*PROBLEM STATEMENT*: What you return should be the lines from the one with "Keep it short and to the point. 1." through the one with "Describe the objects" in the data below, reproduced exactly with both ends, and no pictures at all.

*DATASET CONTENT*:
Content starts

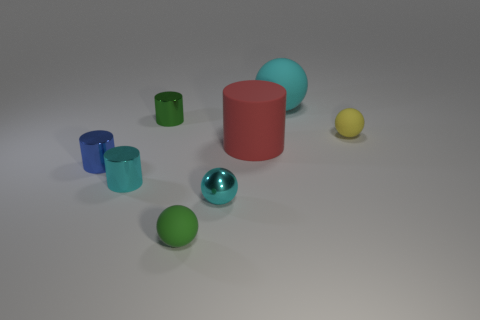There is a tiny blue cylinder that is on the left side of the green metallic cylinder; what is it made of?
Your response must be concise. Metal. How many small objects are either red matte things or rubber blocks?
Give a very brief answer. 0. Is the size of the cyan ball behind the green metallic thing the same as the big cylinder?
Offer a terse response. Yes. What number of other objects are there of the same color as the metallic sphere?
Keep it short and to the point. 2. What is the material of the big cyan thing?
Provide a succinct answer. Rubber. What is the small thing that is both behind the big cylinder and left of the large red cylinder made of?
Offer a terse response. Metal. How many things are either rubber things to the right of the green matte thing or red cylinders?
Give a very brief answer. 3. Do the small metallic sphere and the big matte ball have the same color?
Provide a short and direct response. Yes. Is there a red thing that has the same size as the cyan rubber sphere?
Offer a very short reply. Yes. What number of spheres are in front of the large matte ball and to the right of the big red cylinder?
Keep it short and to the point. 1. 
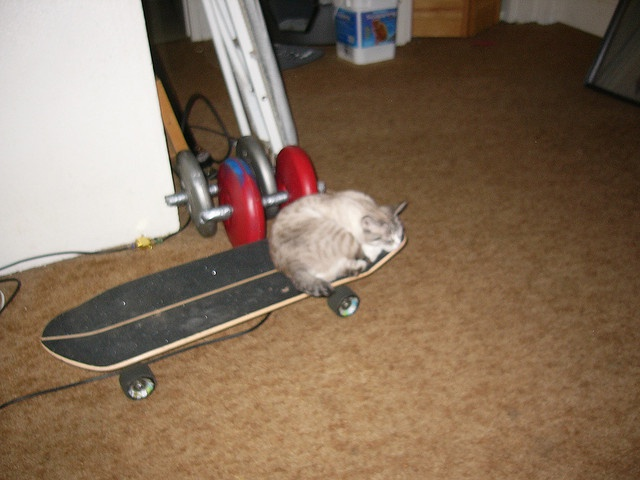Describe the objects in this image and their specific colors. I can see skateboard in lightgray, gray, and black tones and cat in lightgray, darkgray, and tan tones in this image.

Content ends
Content starts

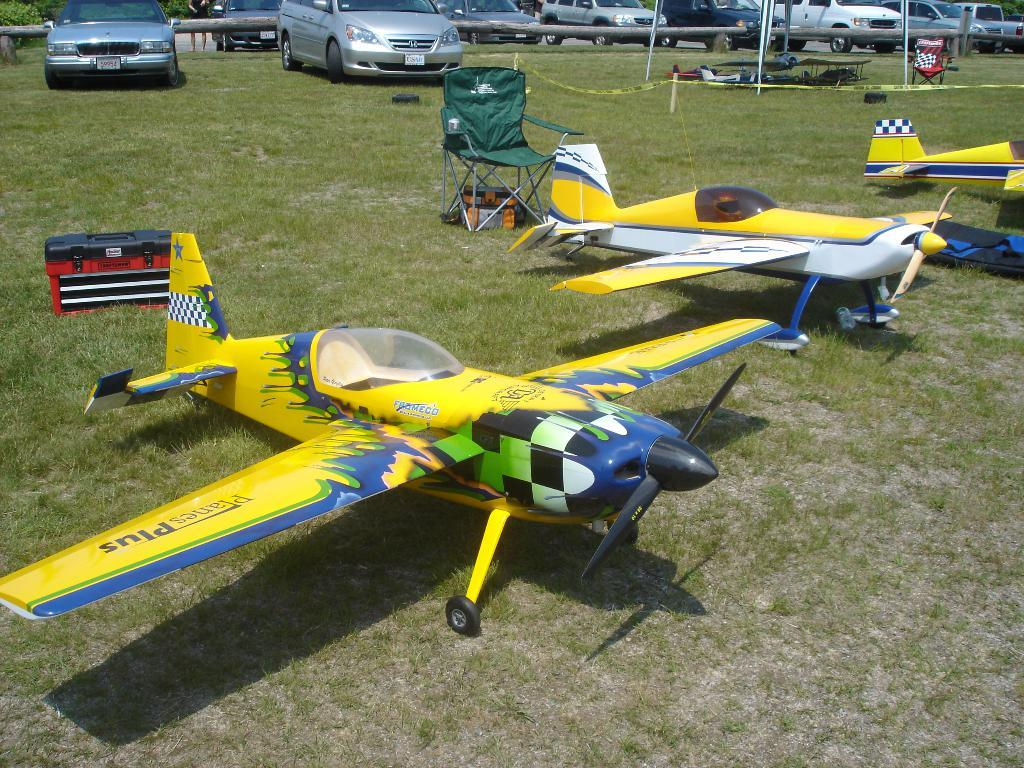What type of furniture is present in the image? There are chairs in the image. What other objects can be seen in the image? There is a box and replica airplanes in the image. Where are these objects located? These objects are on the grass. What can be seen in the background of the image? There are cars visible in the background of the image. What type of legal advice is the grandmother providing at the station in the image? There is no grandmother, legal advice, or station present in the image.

Content ends

*YOUR SOLUTION*:
Keep it short and to the point. 1. 
Describe the objects in this image and their specific colors. I can see skateboard in lightgray, gray, and black tones and cat in lightgray, darkgray, and tan tones in this image.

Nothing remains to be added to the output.